With ragged breathing and in obvious pain the General slipped his hand inside his tunic and took out a wallet, sorting through it with numbing fingers. Between bits of tissue paper he located the Medal of Honor, the Liberty head, stars and the single word Valor clearly visible in the moonlight. “Take it,” he said. “That will show them Scotty Weir sent you.”

Lasari hesitated only a moment. “I won’t need the car, general,” he said. “Let me help you out of this wind.” He switched off the Mercedes engine, then lifted Weir into the car on the driver’s side.

Back in the lodge Lasari took the skis off the wall racks, pulled a blanket from the couch and went back to the car.

“It’s never as bad as it looks,” the general said, barely audible, as Lasari bundled the blanket around him. Then he turned the headlights to bright, cradled the general’s head on a folded arm and arranged the body to lean against the steering wheel. A shrill wail sounded in the night as the general’s inert weight pressed against the horn.

Lasari strapped on the skis, picked up the duffel and glided over the snow to the top of the old ski run.
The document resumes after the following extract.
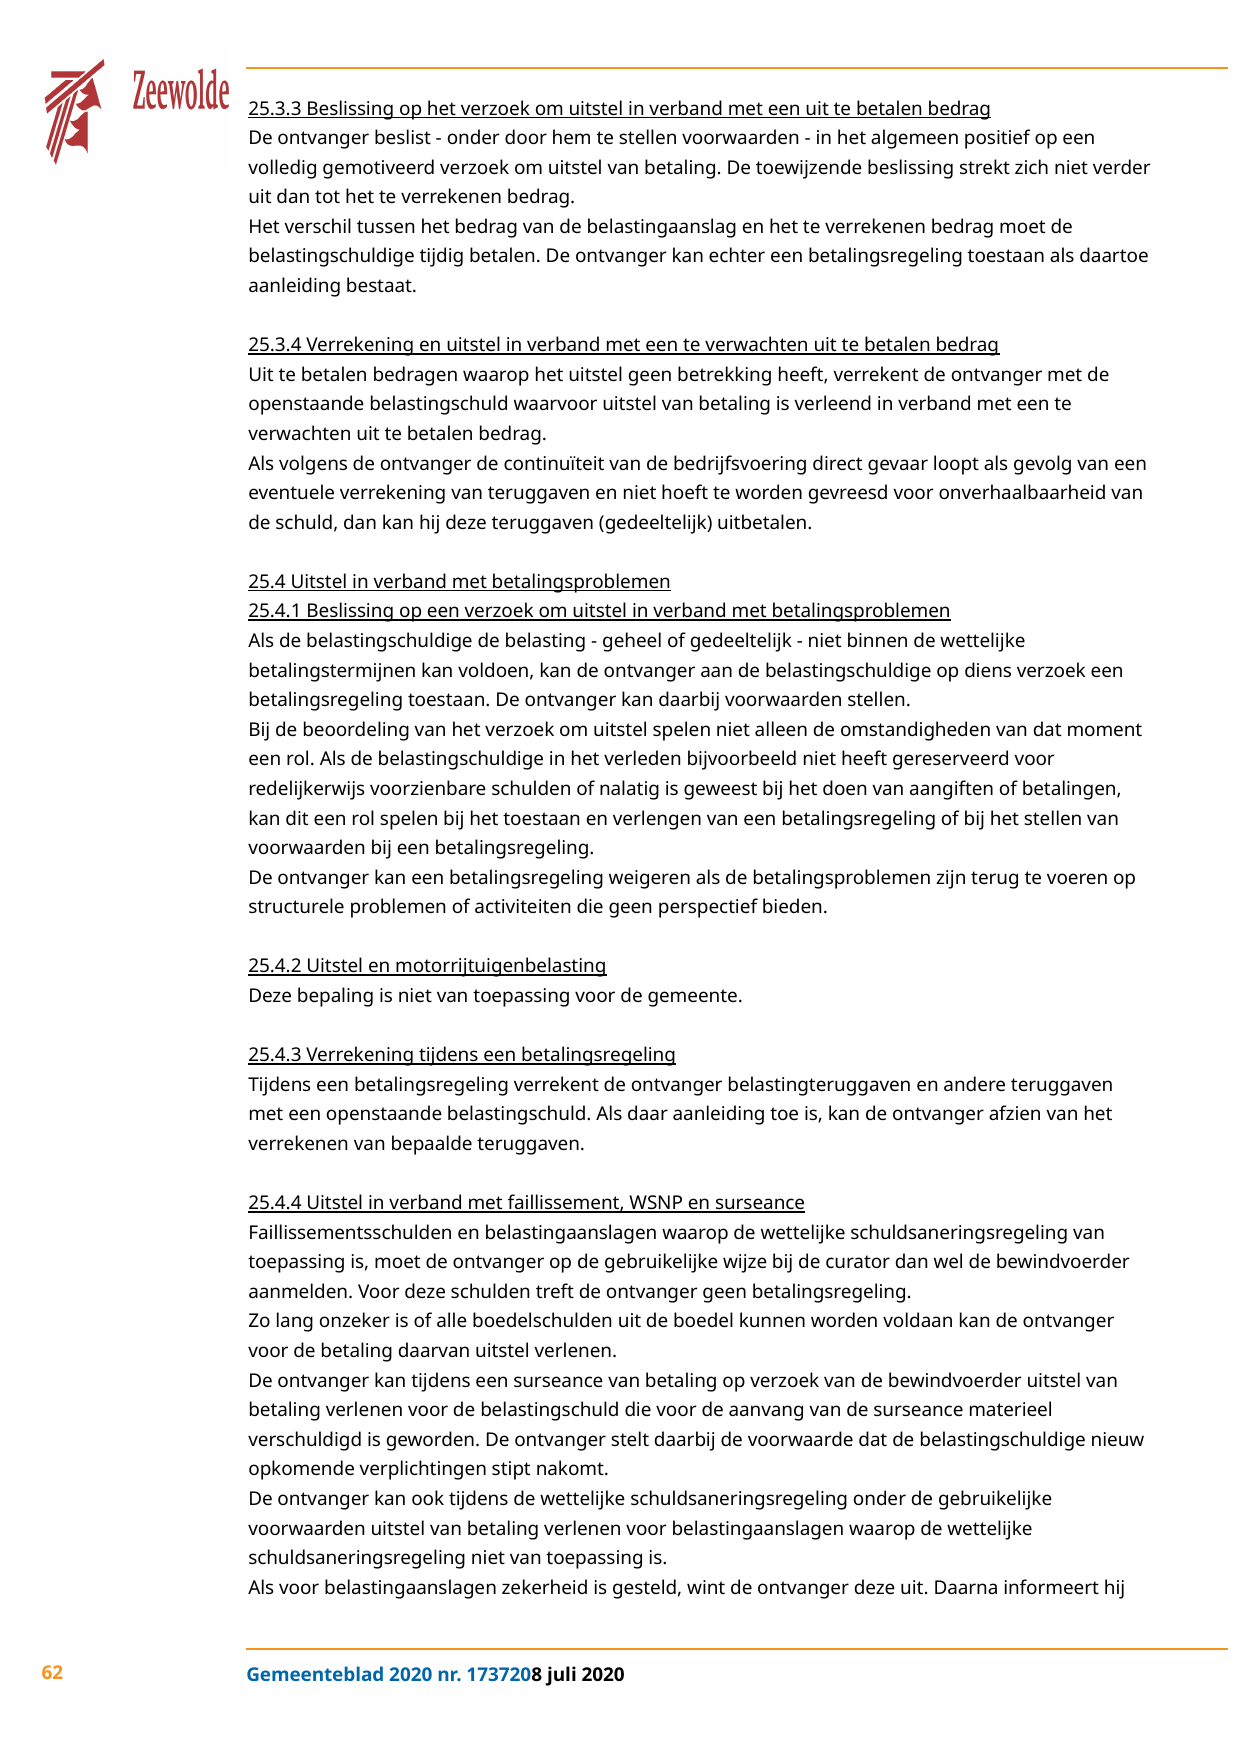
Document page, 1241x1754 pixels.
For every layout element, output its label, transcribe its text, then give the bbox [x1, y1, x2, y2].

There was just enough light to pick out the path down the mountain, lined on either side with pines and tufted with scrub growth. About six or eight miles down the trail, the general said, with twists and turns and unknown terrain ahead.

Lasari hoisted the duffel over his head, ignoring the painful spasms in his bruised chest, and tried a couple of tentative knee bends. It was not the challenge of the slope that worried him; it was the network of nerves that were tingling through the old wounds in his thigh and calf, a betraying sign of weakness or crippling fear.
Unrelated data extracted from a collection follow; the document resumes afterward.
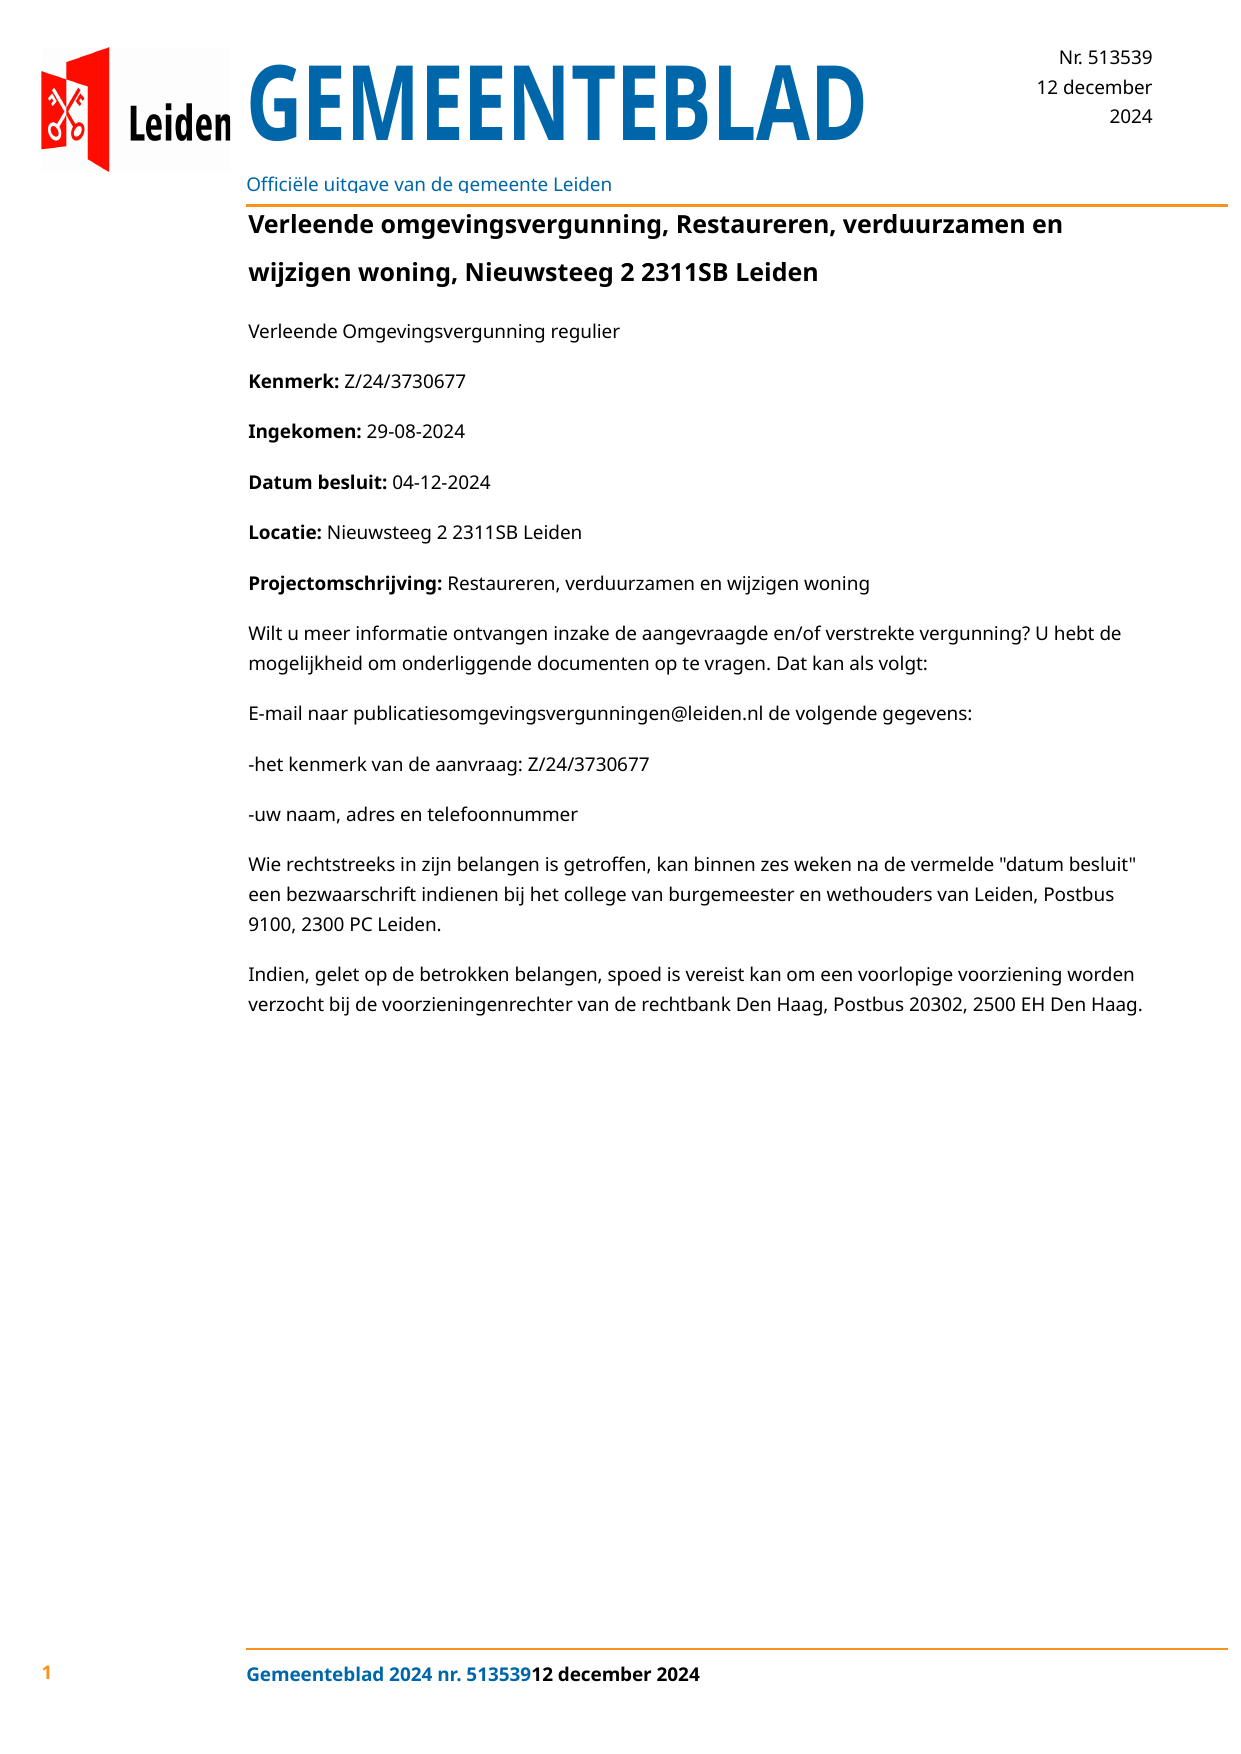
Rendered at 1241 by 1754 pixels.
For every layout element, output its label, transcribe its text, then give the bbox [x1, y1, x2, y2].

text Verleende Omgevingsvergunning regulier [248, 318, 1152, 344]
text E-mail naar publicatiesomgevingsvergunningen@leiden.nl de volgende gegevens: [248, 700, 1152, 726]
text Wilt u meer informatie ontvangen inzake de aangevraagde en/of verstrekte vergunning? U hebt de mogelijkheid om onderliggende documenten op te vragen. Dat kan als volgt: [248, 620, 1152, 676]
text Wie rechtstreeks in zijn belangen is getroffen, kan binnen zes weken na de vermelde "datum besluit" een bezwaarschrift indienen bij het college van burgemeester en wethouders van Leiden, Postbus 9100, 2300 PC Leiden. [248, 852, 1152, 937]
text -het kenmerk van de aanvraag: Z/24/3730677 [248, 751, 1152, 777]
picture [41, 47, 231, 172]
text Kenmerk: Z/24/3730677 [248, 368, 1152, 394]
text Datum besluit: 04-12-2024 [248, 469, 1152, 495]
text Verleende omgevingsvergunning, Restaureren, verduurzamen en wijzigen woning, Nieuwsteeg 2 2311SB Leiden [248, 207, 1152, 288]
text Locatie: Nieuwsteeg 2 2311SB Leiden [248, 519, 1152, 545]
text Ingekomen: 29-08-2024 [248, 419, 1152, 444]
text Projectomschrijving: Restaureren, verduurzamen en wijzigen woning [248, 570, 1152, 596]
text -uw naam, adres en telefoonnummer [248, 801, 1152, 827]
text Indien, gelet op de betrokken belangen, spoed is vereist kan om een voorlopige voorziening worden verzocht bij de voorzieningenrechter van de rechtbank Den Haag, Postbus 20302, 2500 EH Den Haag. [248, 961, 1152, 1017]

Lasari pushed off and started down the slope, the cold wind bringing tears to his eyes and wetting his cheeks. It seemed to him a long, long time, dodging scrub and gliding past tall conifers, before the wailing sound of the Mercedes’ horn faded behind him into the night.


He halted with a sharp Christiana a few hundred yards above the maneuver area, where he could see lights and make out signs of movement.

Concealing the skis in deep brush, he took out the American passport and tore each page into a dozen pieces, letting the fragments mix with the wind. From his pocket he removed the bottle of pills (“... take three,” Vayetch had said) and shook out six small capsules, washing them down with a mouthful of snow.

For the first time he noticed heavy blood stains on his tunic and spent several minutes rubbing at the spots with handfuls of snow, leaving crimson stains on the ground around him.

Lasari had begun the final walk downhill, duffel in hand, when the first wave of nausea struck him. He began to walk faster, breathing deeply and trying to focus on the lights below. The quantity of blood on his uniform had surprised and disconcerted him.

“It’s never as bad as it looks”... the general had said that twice. And Lasari was determined to believe him.